→ Prompt
Search term "degrees": please copy every line of the records below that contains it.

= Beginning of Section =

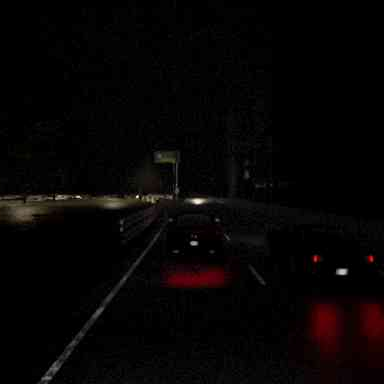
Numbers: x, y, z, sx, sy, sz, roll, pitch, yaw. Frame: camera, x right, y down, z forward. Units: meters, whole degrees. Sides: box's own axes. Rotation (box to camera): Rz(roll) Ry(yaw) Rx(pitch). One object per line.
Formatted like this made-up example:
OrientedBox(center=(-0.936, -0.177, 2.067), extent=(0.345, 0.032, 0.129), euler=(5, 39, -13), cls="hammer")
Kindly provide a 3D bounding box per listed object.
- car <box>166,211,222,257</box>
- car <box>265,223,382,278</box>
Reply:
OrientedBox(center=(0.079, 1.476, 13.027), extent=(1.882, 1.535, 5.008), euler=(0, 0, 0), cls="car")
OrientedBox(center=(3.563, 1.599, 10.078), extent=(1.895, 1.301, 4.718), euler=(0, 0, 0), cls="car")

= End of Section =
= Beginning of Section =

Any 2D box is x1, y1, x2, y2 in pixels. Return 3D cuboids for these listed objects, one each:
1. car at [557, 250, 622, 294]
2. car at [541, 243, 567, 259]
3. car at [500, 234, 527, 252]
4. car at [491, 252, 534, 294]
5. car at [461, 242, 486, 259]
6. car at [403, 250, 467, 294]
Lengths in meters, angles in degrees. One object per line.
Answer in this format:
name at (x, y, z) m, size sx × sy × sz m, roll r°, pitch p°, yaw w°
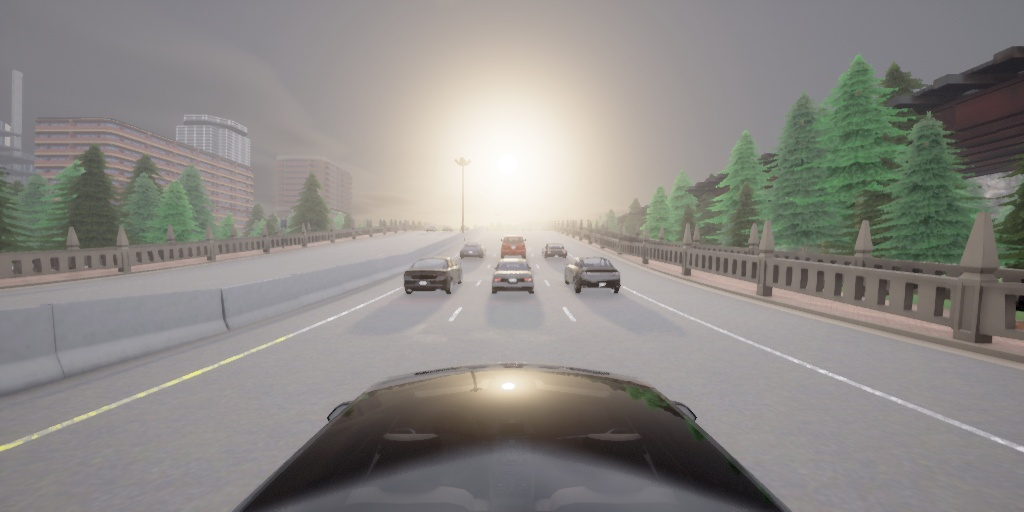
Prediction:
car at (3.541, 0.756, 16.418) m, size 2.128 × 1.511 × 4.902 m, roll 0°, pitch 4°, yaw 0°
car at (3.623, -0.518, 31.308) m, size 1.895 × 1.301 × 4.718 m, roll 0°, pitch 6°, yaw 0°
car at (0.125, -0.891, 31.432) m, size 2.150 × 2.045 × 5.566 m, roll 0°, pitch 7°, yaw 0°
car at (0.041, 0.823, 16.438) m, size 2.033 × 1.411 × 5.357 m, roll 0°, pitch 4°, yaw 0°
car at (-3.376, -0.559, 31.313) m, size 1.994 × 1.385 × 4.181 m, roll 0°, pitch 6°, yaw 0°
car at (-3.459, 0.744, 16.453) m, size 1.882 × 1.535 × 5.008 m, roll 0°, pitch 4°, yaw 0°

= End of Section =

→ Result
Numbers: x, y, z, sx, sy, sz, roll, pitch, yaw. Frame: camera, x right, y down, z forward. Units: meters, whole degrees. Sides: box's own axes. Rotation (box to camera): Rz(roll) Ry(yaw) Rx(pitch). One object per line.
Lengths in meters, angles in degrees. One object per line.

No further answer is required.